Cameroun : Les eaux meurtrières font jaillir une révolte anti-Biya

Inondation Yagoua

Dans l’Extrême-Nord du Cameroun, la nature a une fois de plus montré sa force dévastatrice, mais c’est la colère des populations qui menace désormais de tout emporter sur son passage. Les récentes inondations meurtrières ont non seulement ravagé des vies et des infrastructures, mais elles ont aussi fait déborder le vase d’un mécontentement longtemps contenu envers le président Paul Biya et son administration.

Un déluge de destruction et de désespoir

Le 12 septembre 2024, la ville de Yagoua s’est réveillée coupée en deux, victime de pluies torrentielles qui ont fait céder une digue cruciale. Ce n’était pas qu’une simple inondation, mais un véritable tsunami de malheur qui s’est abattu sur la région. Les chiffres donnent le vertige : plus de 200 personnes touchées, au moins une dizaine de morts, 103 000 hectares de cultures anéantis, près de 8 000 maisons détruites, 185 écoles primaires et 13 lycées inondés, sans parler des milliers de bœufs perdus. C’est toute l’économie et le tissu social de la région qui se retrouvent noyés sous les eaux de la négligence.
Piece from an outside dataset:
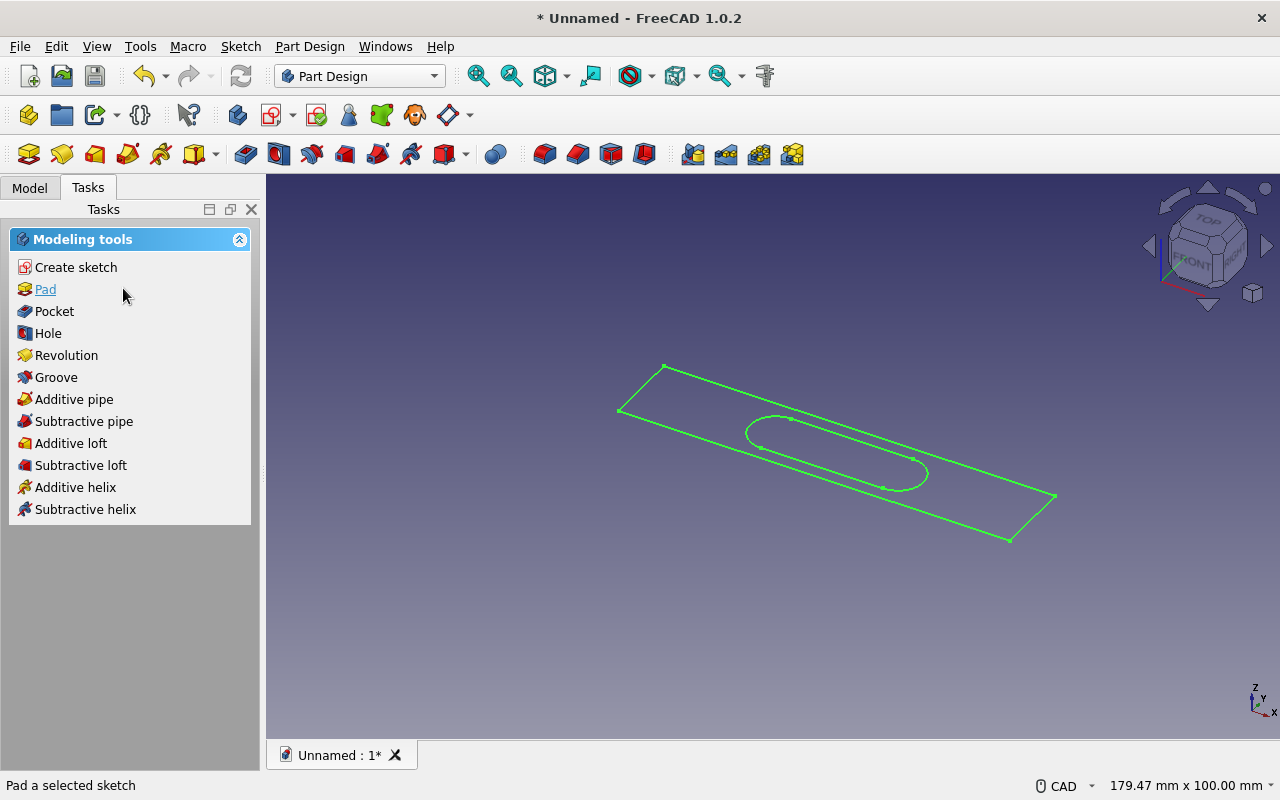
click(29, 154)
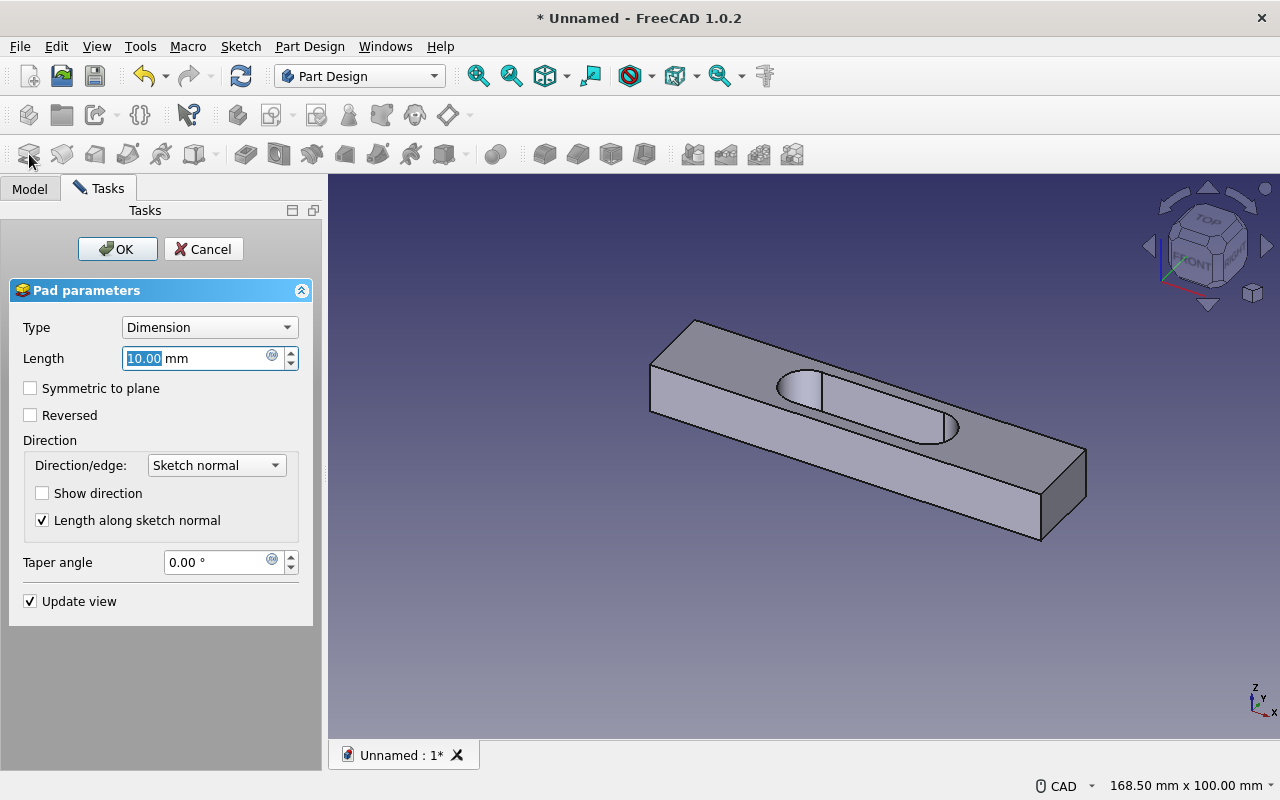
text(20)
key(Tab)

Face à ce désastre, la réponse du gouvernement a semblé aussi dérisoire qu’une goutte d’eau dans l’océan. Le ministre de l’Administration territoriale, Paul Atanga Nji, a annoncé une aide présidentielle de 350 millions de francs CFA pour les 950 familles sinistrées. Une somme qui, répartie, ne représente qu’une maigre consolation pour ceux qui ont tout perdu.

La visite ministérielle qui a mis le feu aux poudres

Lorsque la ministre de l’Habitat et du Développement urbain, Célestine Ketcha Courtès, est arrivée sur place le 14 septembre, elle espérait sans doute apaiser les esprits. Au lieu de cela, sa présence n’a fait qu’attiser les braises d’une colère latente. Accompagnée du gouverneur de la région et d’entreprises de travaux publics, elle a rappelé les « directives urgentes » du chef de l’État, comme si ces mots pouvaient reconstruire des vies brisées.

La ministre a osé pointer du doigt la responsabilité des maires et des habitants face aux défis démographiques et climatiques. Cette tentative de rejeter la faute sur les victimes a été la goutte d’eau qui a fait déborder le fleuve de la frustration populaire. Les habitants de l’Extrême-Nord, qui se sentent depuis longtemps abandonnés par Yaoundé, n’ont pas manqué de faire entendre leur voix.

Paul Biya : le grand absent dans la tempête de la colère

Au cœur de cette tourmente, un nom revient sans cesse, tel un reproche lancinant : Paul Biya. Le président, au pouvoir depuis 1982, est perçu par beaucoup comme le grand absent de cette crise. Les promesses non tenues et les années de négligence envers cette région défavorisée remontent à la surface, portées par les eaux tumultueuses du mécontentement.

« Où est Biya quand nous avons besoin de lui ?« , s’exclame Ahmadou, un agriculteur qui a vu ses champs disparaître sous les flots. « Il nous promet le développement depuis des décennies, mais regardez où nous en sommes ! Nos enfants meurent, nos maisons s’effondrent, et lui reste confortablement installé à Yaoundé. »

Ce sentiment d’abandon est partagé par de nombreux habitants de la région. Fati, une commerçante dont la boutique a été engloutie par les eaux, ne mâche pas ses mots : « Biya ne connaît même pas la couleur de la boue qui a détruit nos vies. Comment peut-il prétendre nous gouverner s’il ne vient jamais voir notre souffrance ? »

Alors que les eaux se retirent lentement, laissant derrière elles un paysage de désolation, l’avenir de l’Extrême-Nord semble plus incertain que jamais. Les travaux de réparation de la digue et de reconstruction des infrastructures prendront du temps, et la confiance envers le pouvoir central semble irrémédiablement brisée.

Les habitants demandent des actions concrètes, pas des promesses en l’air. Ils réclament un véritable plan de développement pour leur région, qui prendrait en compte les risques climatiques et les besoins spécifiques de cette zone longtemps négligée. Certains vont même jusqu’à demander la démission de Paul Biya, estimant qu’après 42 ans au pouvoir, il est temps pour lui de laisser la place à une nouvelle génération capable de relever les défis du Cameroun moderne.